In addressing the imperative need for accurate target detection within a complex electromagnetic environment, the inevitable developmental trend is observed in multifunctional integrated radar technology. FDA stands out for its transmit beampattern with broad spatial coverage, and flexible beamformers can be configured through equivalent transmit beamforming in the receiver. Through meticulous system design and signal processing, high-dimensional DOFs can be attained with FDA. This study has thoroughly examined and synthesized the theory and methodologies of multifunctional integrated FDA, emphasizing integrated detection and estimation technologies, integrated ambiguity resolution and jammer suppression, as well as integrated SAR imaging and moving target detection. However, there are areas that necessitate further exploration, such as the suppression of fast-repeated mainlobe jammers, orthogonal waveform design, and system design. Presently, multifunctional integrated FDA studies are predominantly theoretical, urging the development of practical technologies to enhance the capability of the system in processing multiple functions and tasks, thereby elevating situational awareness, integration degree, and overall performance.
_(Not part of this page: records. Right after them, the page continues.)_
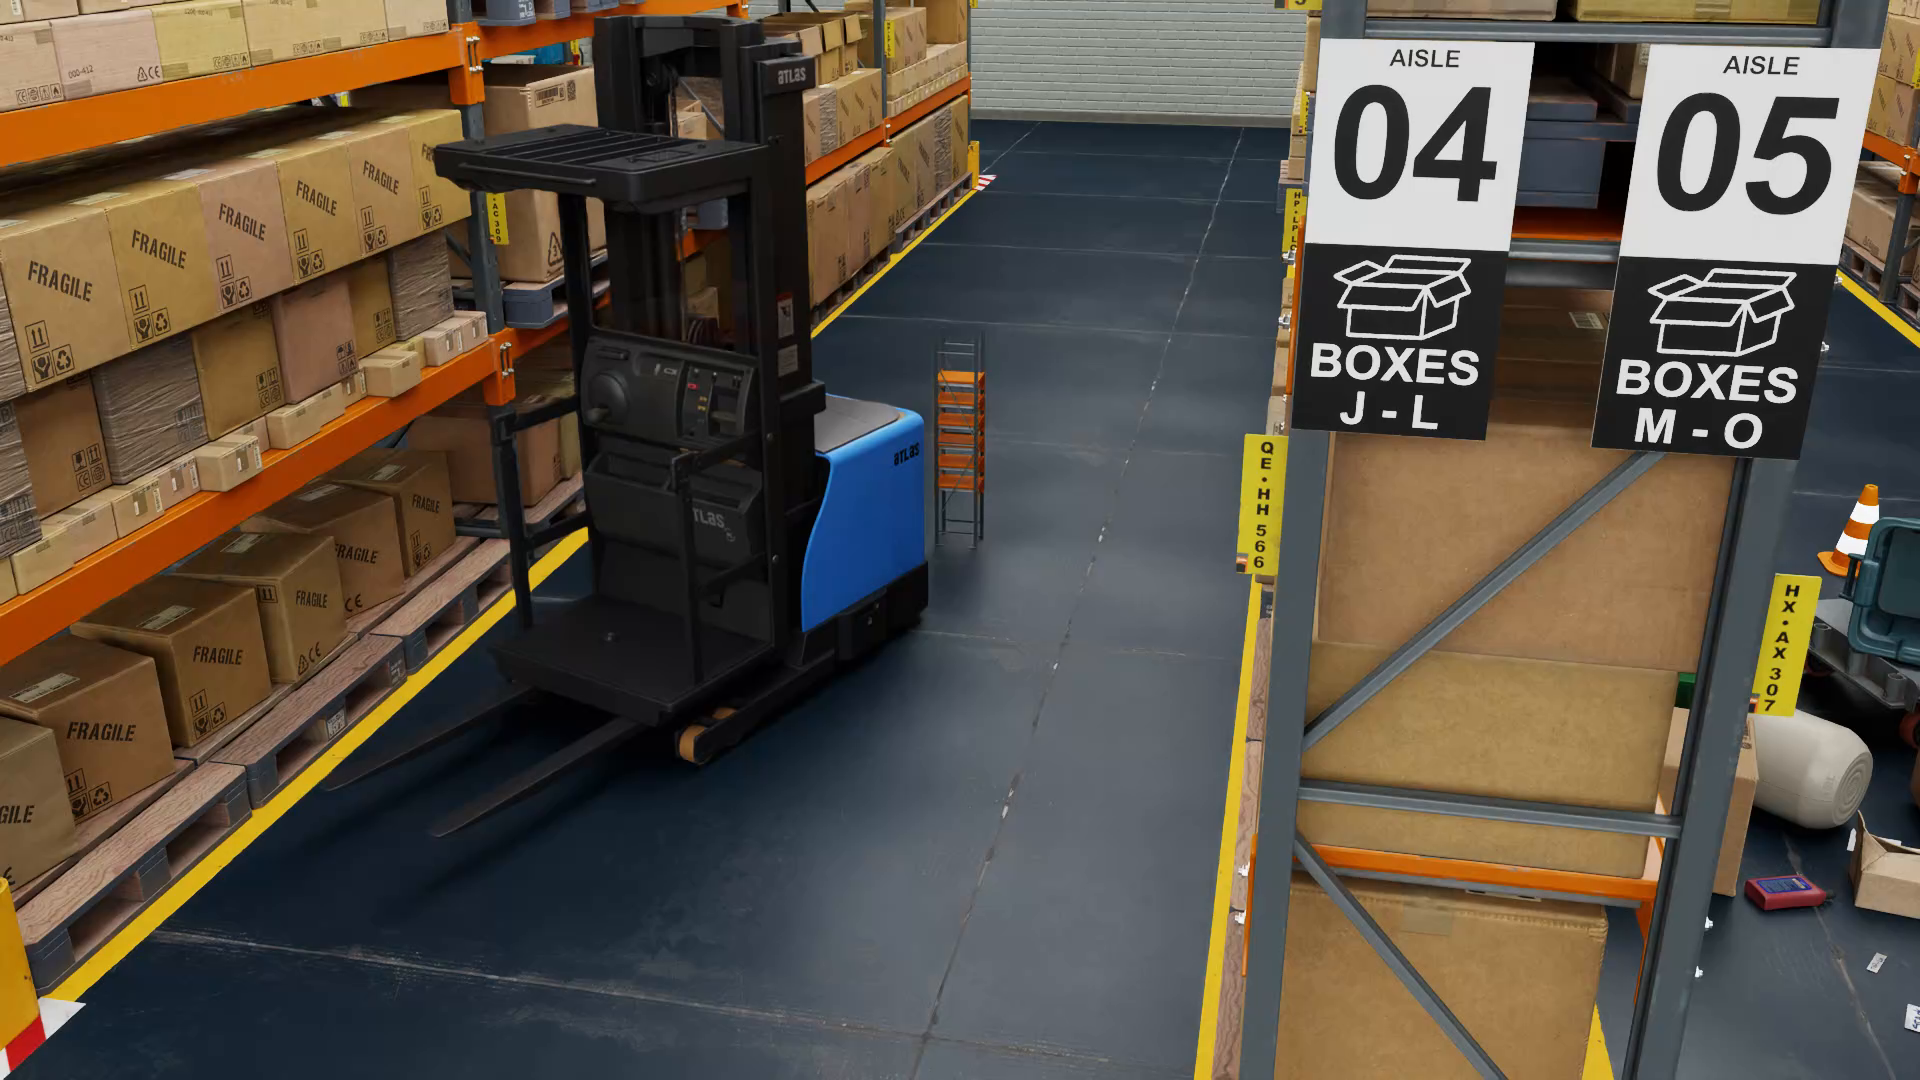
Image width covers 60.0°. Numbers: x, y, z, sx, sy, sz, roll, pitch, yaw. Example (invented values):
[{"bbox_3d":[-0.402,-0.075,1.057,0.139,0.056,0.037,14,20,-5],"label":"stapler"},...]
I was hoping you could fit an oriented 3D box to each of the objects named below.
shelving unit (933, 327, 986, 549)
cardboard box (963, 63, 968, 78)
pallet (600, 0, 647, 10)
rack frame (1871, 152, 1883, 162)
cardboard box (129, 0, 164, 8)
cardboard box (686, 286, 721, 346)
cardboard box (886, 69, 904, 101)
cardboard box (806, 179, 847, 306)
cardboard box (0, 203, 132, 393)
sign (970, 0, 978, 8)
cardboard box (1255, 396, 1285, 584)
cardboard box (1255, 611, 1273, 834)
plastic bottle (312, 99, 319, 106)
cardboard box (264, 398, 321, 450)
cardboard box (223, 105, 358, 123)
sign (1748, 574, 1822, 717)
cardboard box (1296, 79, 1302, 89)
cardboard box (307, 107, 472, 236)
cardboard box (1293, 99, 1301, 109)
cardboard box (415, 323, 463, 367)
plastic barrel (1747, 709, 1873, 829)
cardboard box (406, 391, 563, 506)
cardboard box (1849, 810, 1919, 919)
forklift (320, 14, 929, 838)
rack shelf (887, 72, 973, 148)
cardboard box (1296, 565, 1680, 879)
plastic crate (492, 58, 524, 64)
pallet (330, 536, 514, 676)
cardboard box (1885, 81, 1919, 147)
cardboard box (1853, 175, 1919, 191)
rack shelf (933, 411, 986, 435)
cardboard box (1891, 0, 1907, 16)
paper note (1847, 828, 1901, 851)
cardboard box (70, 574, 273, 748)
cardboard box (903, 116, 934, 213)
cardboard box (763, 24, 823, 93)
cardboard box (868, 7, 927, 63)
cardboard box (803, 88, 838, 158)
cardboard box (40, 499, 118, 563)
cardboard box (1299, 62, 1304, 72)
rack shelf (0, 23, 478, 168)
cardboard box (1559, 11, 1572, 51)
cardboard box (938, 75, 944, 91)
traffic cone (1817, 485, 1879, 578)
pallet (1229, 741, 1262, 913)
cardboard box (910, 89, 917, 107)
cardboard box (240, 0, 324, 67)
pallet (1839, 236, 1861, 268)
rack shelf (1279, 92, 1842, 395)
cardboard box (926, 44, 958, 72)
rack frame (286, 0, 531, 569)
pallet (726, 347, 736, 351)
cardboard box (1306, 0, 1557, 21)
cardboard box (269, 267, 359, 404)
[{"bbox_3d":[-0.003,-0.551,9.116,0.258,1.200,0.189,4,22,11],"label":"shelving unit"},{"bbox_3d":[-0.125,-5.376,19.024,0.380,0.149,0.250,5,22,12],"label":"cardboard box"},{"bbox_3d":[-2.384,-3.161,9.423,1.213,0.211,1.003,4,22,11],"label":"pallet"},{"bbox_3d":[9.327,-4.893,17.487,1.000,3.000,0.127,4,22,11],"label":"rack frame"},{"bbox_3d":[-3.053,-1.954,5.843,0.380,0.149,0.250,4,22,10],"label":"cardboard box"},{"bbox_3d":[-2.124,-1.520,11.870,0.700,0.500,0.500,3,22,8],"label":"cardboard box"},{"bbox_3d":[-0.839,-4.405,16.080,0.500,0.250,0.500,4,22,10],"label":"cardboard box"},{"bbox_3d":[-1.657,-2.508,13.847,1.225,0.875,0.875,5,22,11],"label":"cardboard box"},{"bbox_3d":[-3.152,-0.807,5.473,0.500,0.500,0.500,4,22,11],"label":"cardboard box"},{"bbox_3d":[0.154,-6.249,18.987,0.100,0.325,0.005,4,22,11],"label":"sign"},{"bbox_3d":[2.050,-0.229,8.357,1.050,0.750,0.750,4,22,11],"label":"cardboard box"},{"bbox_3d":[1.447,0.834,5.549,0.875,0.875,0.875,4,22,10],"label":"cardboard box"},{"bbox_3d":[-6.009,-3.969,15.360,0.152,0.276,0.135,4,22,11],"label":"plastic bottle"},{"bbox_3d":[-2.900,-0.494,6.902,0.380,0.149,0.250,4,22,11],"label":"cardboard box"},{"bbox_3d":[-3.164,-1.762,7.844,0.500,0.500,0.500,4,22,11],"label":"cardboard box"},{"bbox_3d":[1.738,0.225,3.516,0.100,0.325,0.005,4,22,11],"label":"sign"},{"bbox_3d":[2.851,-3.542,13.112,0.380,0.149,0.250,5,23,13],"label":"cardboard box"},{"bbox_3d":[-2.646,-1.722,7.744,0.500,0.500,0.500,4,22,11],"label":"cardboard box"},{"bbox_3d":[2.586,-3.063,11.922,0.380,0.149,0.250,5,23,13],"label":"cardboard box"},{"bbox_3d":[-2.640,-0.951,8.036,0.380,0.149,0.250,4,22,11],"label":"cardboard box"},{"bbox_3d":[3.282,0.883,6.596,0.421,0.421,0.512,-16,27,-35],"label":"plastic barrel"},{"bbox_3d":[-2.677,-0.527,9.404,0.700,0.500,0.500,3,22,7],"label":"cardboard box"},{"bbox_3d":[3.464,1.193,6.036,0.396,0.266,0.258,8,23,20],"label":"cardboard box"},{"bbox_3d":[-1.372,-0.614,6.954,1.130,2.935,3.031,13,26,30],"label":"forklift"},{"bbox_3d":[-0.783,-4.583,17.681,1.077,0.370,4.000,4,22,11],"label":"rack shelf"},{"bbox_3d":[1.227,0.410,4.120,0.875,0.550,0.550,4,22,11],"label":"cardboard box"},{"bbox_3d":[-5.286,-5.514,19.303,0.396,0.136,0.243,4,22,11],"label":"plastic crate"},{"bbox_3d":[-2.926,0.282,8.370,1.003,0.211,1.213,4,22,11],"label":"pallet"},{"bbox_3d":[8.355,-3.665,14.305,0.500,0.500,0.500,5,22,11],"label":"cardboard box"},{"bbox_3d":[9.111,-3.315,16.436,0.875,0.438,0.875,5,22,12],"label":"cardboard box"},{"bbox_3d":[-0.003,-0.621,9.088,0.258,0.103,0.180,4,22,11],"label":"rack shelf"},{"bbox_3d":[8.532,-4.745,14.778,0.380,0.149,0.250,4,22,11],"label":"cardboard box"},{"bbox_3d":[3.526,1.173,6.411,0.172,0.023,0.155,13,25,29],"label":"paper note"},{"bbox_3d":[-3.261,0.492,6.900,0.500,0.500,0.500,7,23,16],"label":"cardboard box"},{"bbox_3d":[-0.794,-3.959,17.450,0.875,0.875,0.875,4,22,11],"label":"cardboard box"},{"bbox_3d":[-1.576,-3.984,13.754,0.797,0.503,0.637,5,23,13],"label":"cardboard box"},{"bbox_3d":[-0.633,-5.127,16.868,0.500,0.500,0.500,4,22,9],"label":"cardboard box"},{"bbox_3d":[-1.334,-3.485,13.857,0.500,0.500,0.500,5,22,11],"label":"cardboard box"},{"bbox_3d":[-3.182,-0.039,5.772,0.380,0.149,0.250,4,22,11],"label":"cardboard box"},{"bbox_3d":[3.113,-4.015,14.286,0.380,0.149,0.250,6,23,14],"label":"cardboard box"},{"bbox_3d":[-3.231,-1.586,6.223,1.077,0.370,4.000,4,22,11],"label":"rack shelf"},{"bbox_3d":[1.785,-1.368,4.360,0.380,0.149,0.250,5,22,11],"label":"cardboard box"},{"bbox_3d":[-0.384,-4.908,17.860,0.380,0.149,0.250,5,22,11],"label":"cardboard box"},{"bbox_3d":[4.841,-0.070,8.907,0.336,0.463,0.334,4,22,11],"label":"traffic cone"},{"bbox_3d":[1.533,1.169,6.169,1.003,0.211,1.213,4,22,11],"label":"pallet"},{"bbox_3d":[-0.646,-4.440,16.700,0.380,0.149,0.250,4,22,9],"label":"cardboard box"},{"bbox_3d":[-2.876,-2.018,6.534,0.500,0.250,0.500,4,22,11],"label":"cardboard box"},{"bbox_3d":[8.989,-2.856,16.162,1.003,0.211,1.213,4,22,11],"label":"pallet"},{"bbox_3d":[1.604,-1.171,5.193,1.077,0.370,4.000,4,22,11],"label":"rack shelf"},{"bbox_3d":[-0.318,-5.334,18.384,0.500,0.250,0.500,4,22,10],"label":"cardboard box"},{"bbox_3d":[-2.823,-1.259,8.465,1.000,3.000,0.127,4,22,11],"label":"rack frame"},{"bbox_3d":[-2.168,-1.143,11.909,1.003,0.211,1.213,4,22,11],"label":"pallet"},{"bbox_3d":[1.022,-1.283,3.615,0.500,0.250,0.500,5,22,12],"label":"cardboard box"},{"bbox_3d":[-3.116,-0.913,7.074,0.875,0.500,0.500,4,22,11],"label":"cardboard box"}]

6.2 Potential developments

Considering current trends in FDA system applications and practical requirements, potential avenues for studies on multifunctional integrated FDA are outlined:

(1) Waveform design based on joint spatial-temporal-frequential modulations

Given that FDA has a flexible beamforming nature, methods for designing transmit waveforms utilizing spatial-temporal-frequential modulations should be explored. Spatially, the technology of wide transmit beams and equivalent transmit-receive multiple beams should be investigated to address the spatial beam scanning contradiction of the multifunctional system. Temporal-frequential domain considerations involve broadening the instant beam width by combining with ultrawideband, fully leveraging controllable system resources in multiple dimensions. Establishing a waveform library tailored to specific tasks and environments becomes feasible through these means.

(2) Intelligent processing combined with cognitive radar

The rising demand for situational awareness necessitates acquiring environmental information through interactive learning within the multifunctional system. Parameters of transmitters and receivers are adaptively adjusted based on a priori knowledge and ratiocination, enabling closed-loop processing of information involving cognition, reaction, decision, evaluation, and optimization^[85,86]. To accommodate diversity and time-variety, the multifunctional integrated system evolves toward intelligence, digitization, modularity, and networking, achieving system optimization with reduced calculations.

(3) Implementation of the multifunctional integrated FDA system

The success of the multifunctional integrated FDA system hinges not only on theoretical innovation but also on practical implementation, evaluated through experimental tests. Additionally, digitalization trends prompt the exploration of monolithic integration, reducing the volume and cost of radar systems by integrating multiple functions and expanding the application areas of radar systems.